- Born: 19 November 1863 Lehe, Bremerhaven, Free and Hanseatic City of Bremen
- Died: 3 April 1950 (aged 86) Lehe, Bremerhaven, Germany
- Known for: Zoology, Folkloristics, Heimatorschung

= Jan Bohls =

Jan (also: Johann) Friedrich Wilhelm Bohls (19 November 1863, Bremerhaven – 3 April 1950, Bremerhaven) was a German zoologist, independent scholar, folklorist and Heimatforscher.

== Life ==
Bohls was born in 1863 in Lehe, in the city of Bremerhaven, Germany, as the son of a farmer and lime kiln worker. He studied in the Rektorschule in Lehe and after in the Realgymnasium in Hildesheim. After finishing school, he studied botany, geology, paleontology and zoology, first at the University of Göttingen (where in 1884 he joined the Burschenschaft Holzminda), then intermittently at the Friedrich Wilhelm University of Berlin and the Ludwig-Maximilians-Universität München. After his return to the University of Göttingen, he did his doctorate under the advice of Ernst Ehlers. Afterwards, he became a private tutor for a family from Lehe living in Paraguay. There, he gathered linguistic information on indigenous peoples of the Gran Chaco and conducted zoological research, especially on ants, discovering several new species.

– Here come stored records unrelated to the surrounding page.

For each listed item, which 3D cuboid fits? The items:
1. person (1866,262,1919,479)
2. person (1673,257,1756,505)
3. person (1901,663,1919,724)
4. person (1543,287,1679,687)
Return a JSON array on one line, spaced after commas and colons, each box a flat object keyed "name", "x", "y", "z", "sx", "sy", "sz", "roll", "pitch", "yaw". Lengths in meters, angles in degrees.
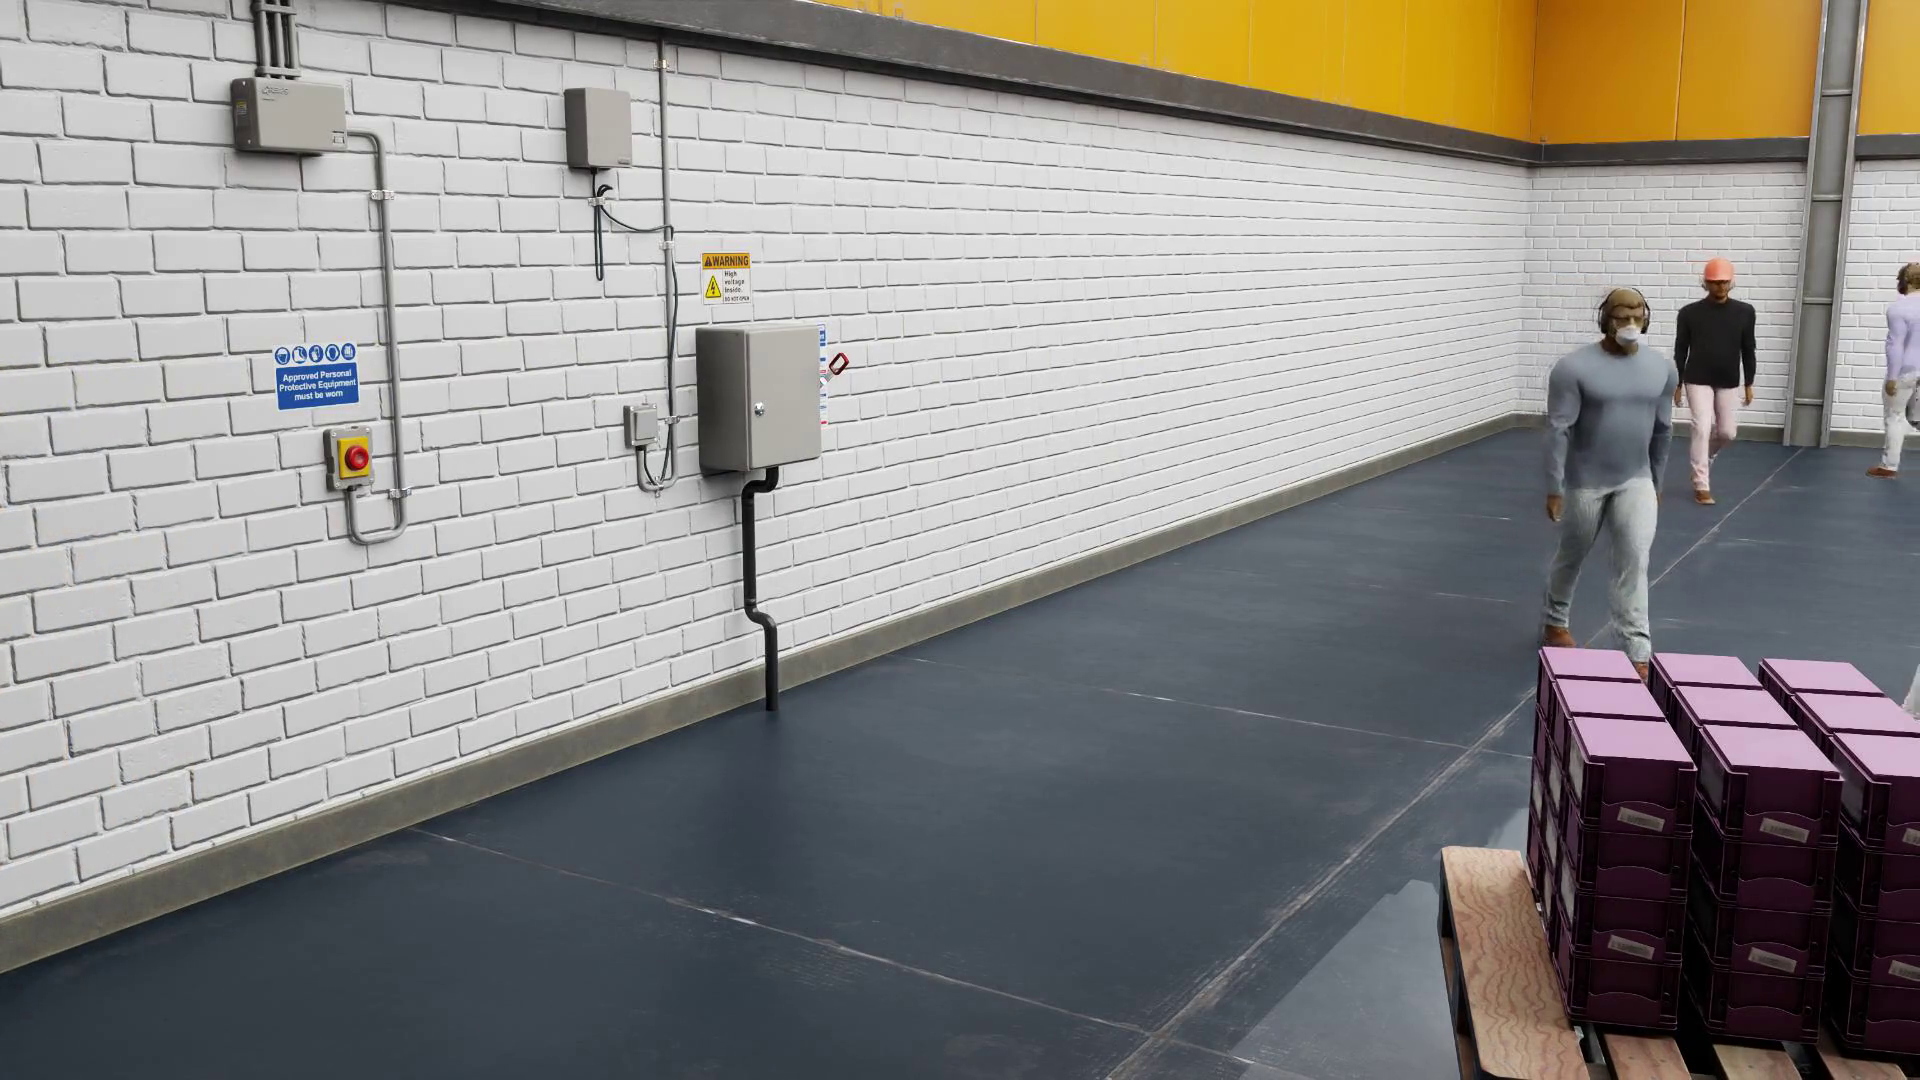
[{"name": "person", "x": 8.345, "y": -1.446, "z": 14.440, "sx": 0.639, "sy": 1.920, "sz": 0.724, "roll": -4, "pitch": 11, "yaw": -23}, {"name": "person", "x": 6.047, "y": -1.291, "z": 13.406, "sx": 0.624, "sy": 1.971, "sz": 0.720, "roll": 1, "pitch": 10, "yaw": 8}, {"name": "person", "x": 3.483, "y": 0.197, "z": 5.647, "sx": 0.965, "sy": 1.793, "sz": 0.643, "roll": 0, "pitch": 10, "yaw": 0}, {"name": "person", "x": 3.149, "y": -0.286, "z": 8.116, "sx": 0.651, "sy": 1.887, "sz": 1.046, "roll": 0, "pitch": 10, "yaw": 0}]

Bohls was a member of the Berlin Society for Anthropology, Ethnology, and Prehistory. After his return from South America, he became assistant at the Natural History Museum in Hamburg. In the mid 1890s, Bohls returned to his hometown, where he made acquaintance with the writer Hermann Allmers, who introduced him to the union of Männer vom Morgenstern. Together with Gustav von der Osten, he formed in 1898 a homeland association for the whole area between the mouths of the Elbe and Weser rivers. During this time, he also took an important role as a mediator in the beginnings of the German boat research.

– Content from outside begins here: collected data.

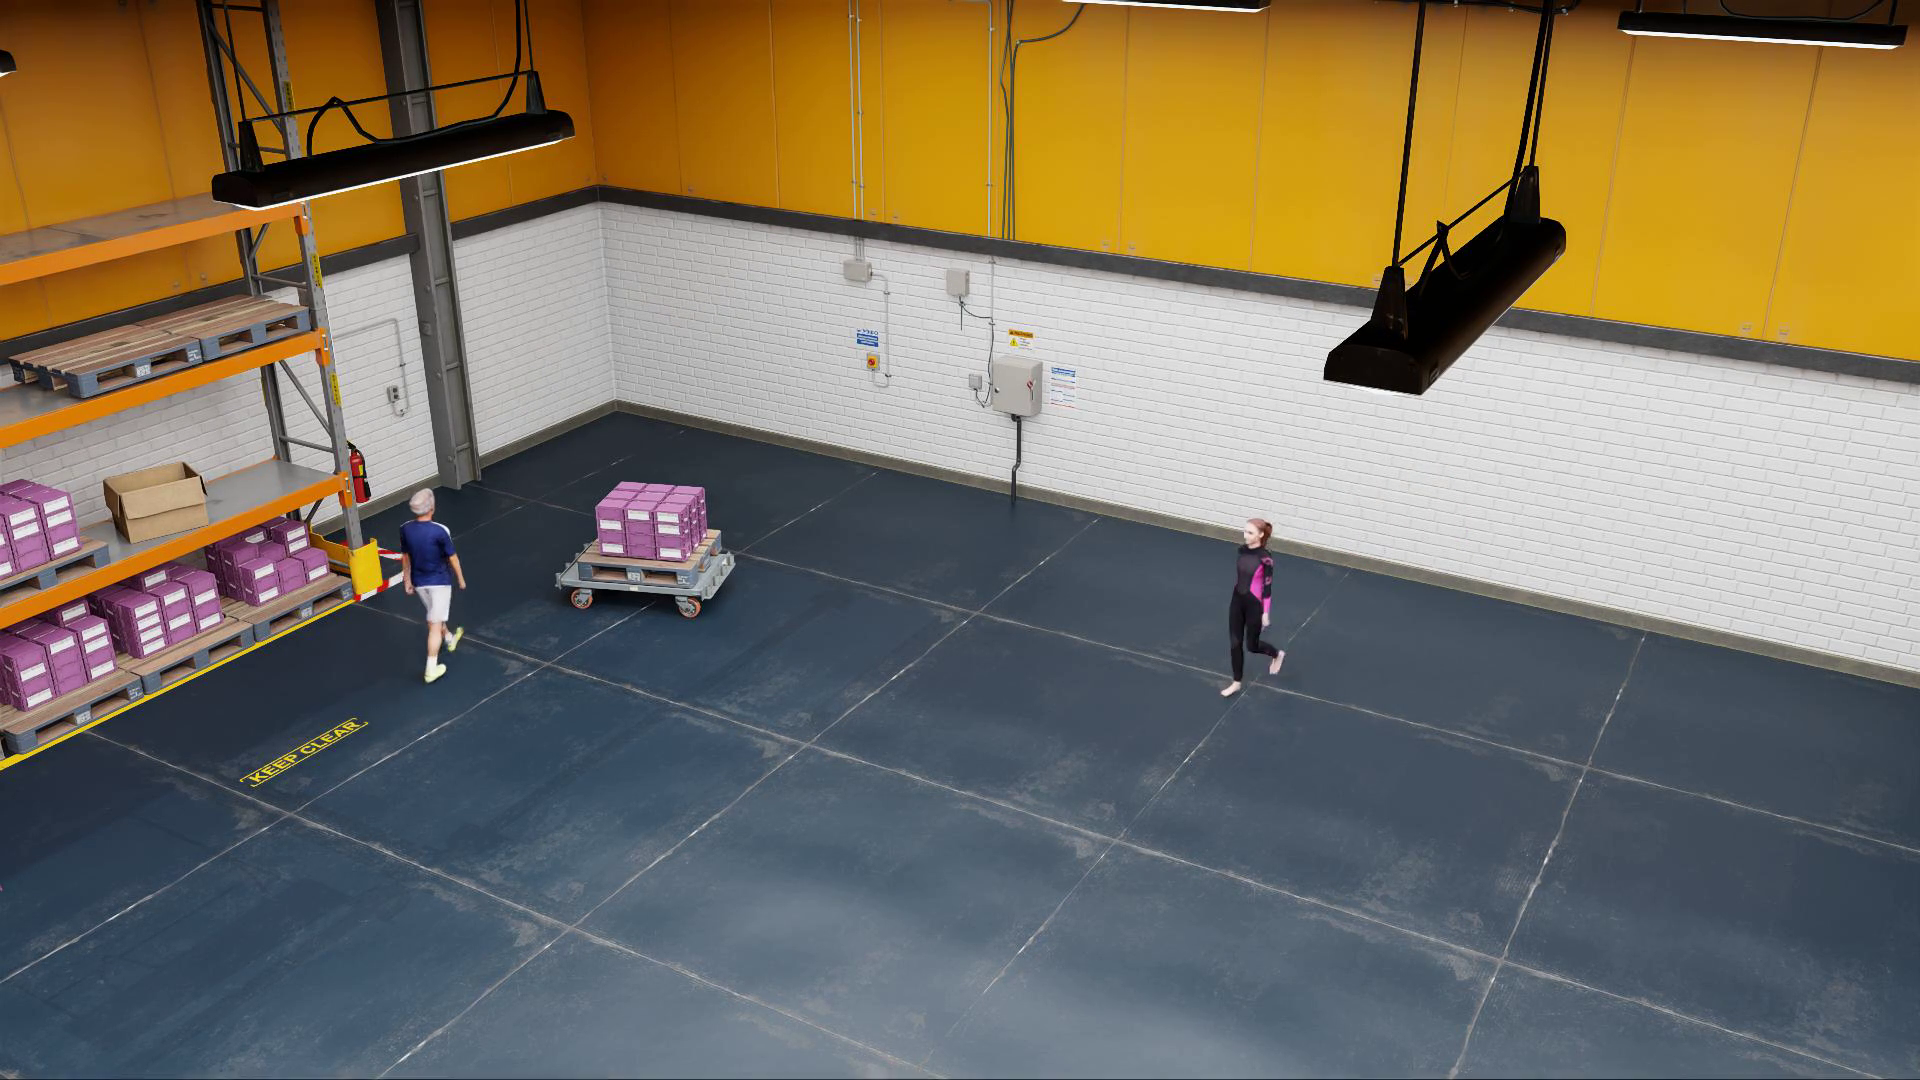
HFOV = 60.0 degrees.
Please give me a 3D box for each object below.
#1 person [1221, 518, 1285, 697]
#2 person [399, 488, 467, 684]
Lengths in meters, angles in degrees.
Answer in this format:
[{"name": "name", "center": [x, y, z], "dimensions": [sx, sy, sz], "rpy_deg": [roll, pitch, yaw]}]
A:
[{"name": "person", "center": [2.675, 0.589, 15.034], "dimensions": [0.974, 1.731, 0.785], "rpy_deg": [-16, 28, -32]}, {"name": "person", "center": [-4.889, 0.451, 15.271], "dimensions": [0.878, 1.793, 1.181], "rpy_deg": [5, 24, 11]}]

Regarding the history of his homeland, Bohls made several discoveries. He examined an urn cemetery in Dingen near Wursten, where he excavated old Saxon vessels with Barbotine technique of Romanesque origin. In the Fickmühlen Forest, he uncovered a grave of the Stone Age. Bog body finds and an excavation of the gallows hill (Galgenberg) of Debstedt, which dates back to the Bronze Age, were other projects of his.

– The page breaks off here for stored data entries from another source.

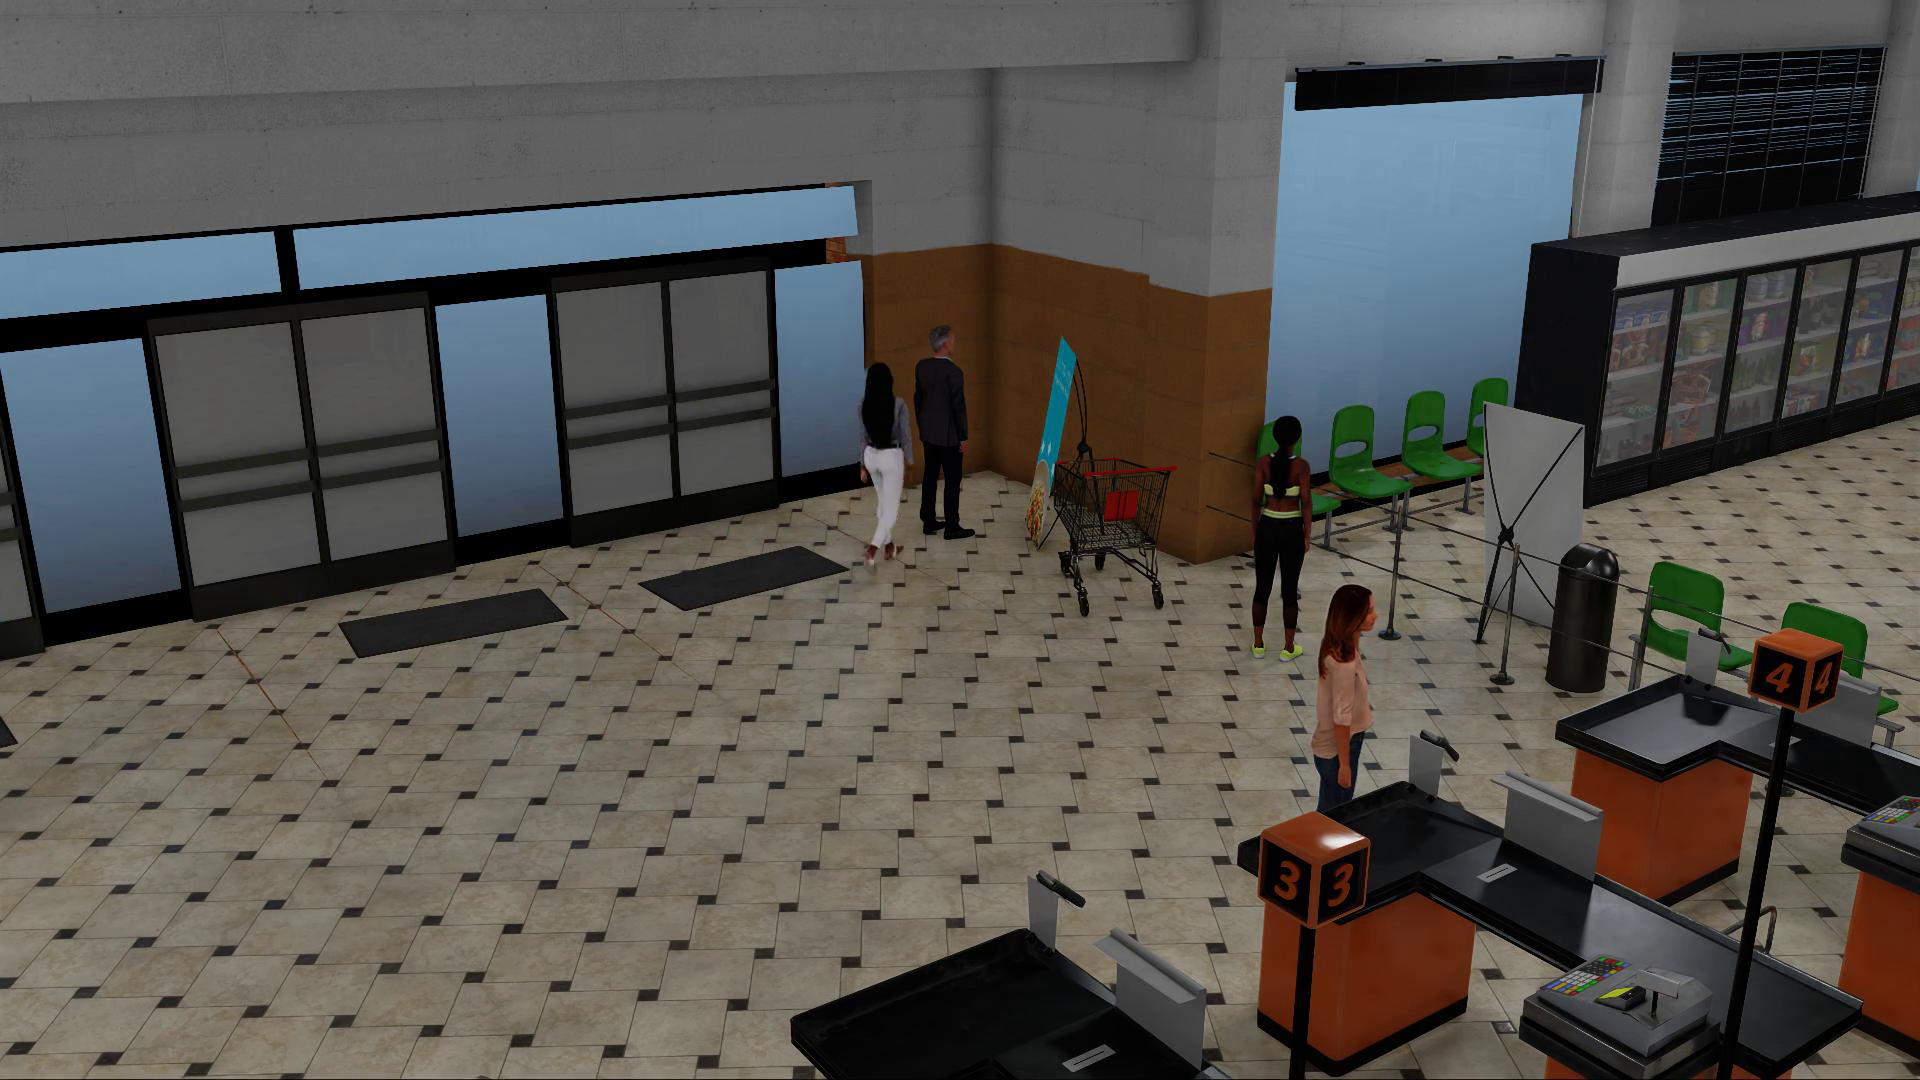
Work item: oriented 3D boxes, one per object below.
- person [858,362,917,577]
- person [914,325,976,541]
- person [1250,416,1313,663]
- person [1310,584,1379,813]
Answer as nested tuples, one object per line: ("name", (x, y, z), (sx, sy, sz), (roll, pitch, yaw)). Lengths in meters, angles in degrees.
("person", (-0.629, -0.547, 13.309), (1.124, 1.696, 1.021), (8, 20, 23))
("person", (-0.144, -0.931, 14.227), (0.598, 1.837, 0.832), (17, 25, 41))
("person", (2.232, -0.011, 11.632), (0.610, 1.753, 0.705), (7, 20, 20))
("person", (1.897, 1.062, 8.386), (0.720, 1.792, 0.666), (4, 19, 11))

The finds of the homeland union of the Männer von Morgenstern were sold to the city of Geestemünde in 1902 and shown in the city's Morgenstern Museum from 1906 onwards. Bohls was the museum director until 1907. In order to make the accumulating findings available to the public, the Farmhaus Union of Lehe was founded in 1908 under the leadership of Bohls, creating the beginnings of the Speckenbüttel open-air museum, one of the oldest open-air museums in Germany. In 1909, the Geest House was inaugurated. Next to a mill, more and more buildings were built in the Speckenbüttel Park. In 1920, Bohls promoted the founding of the Lower German stage "Waterkant".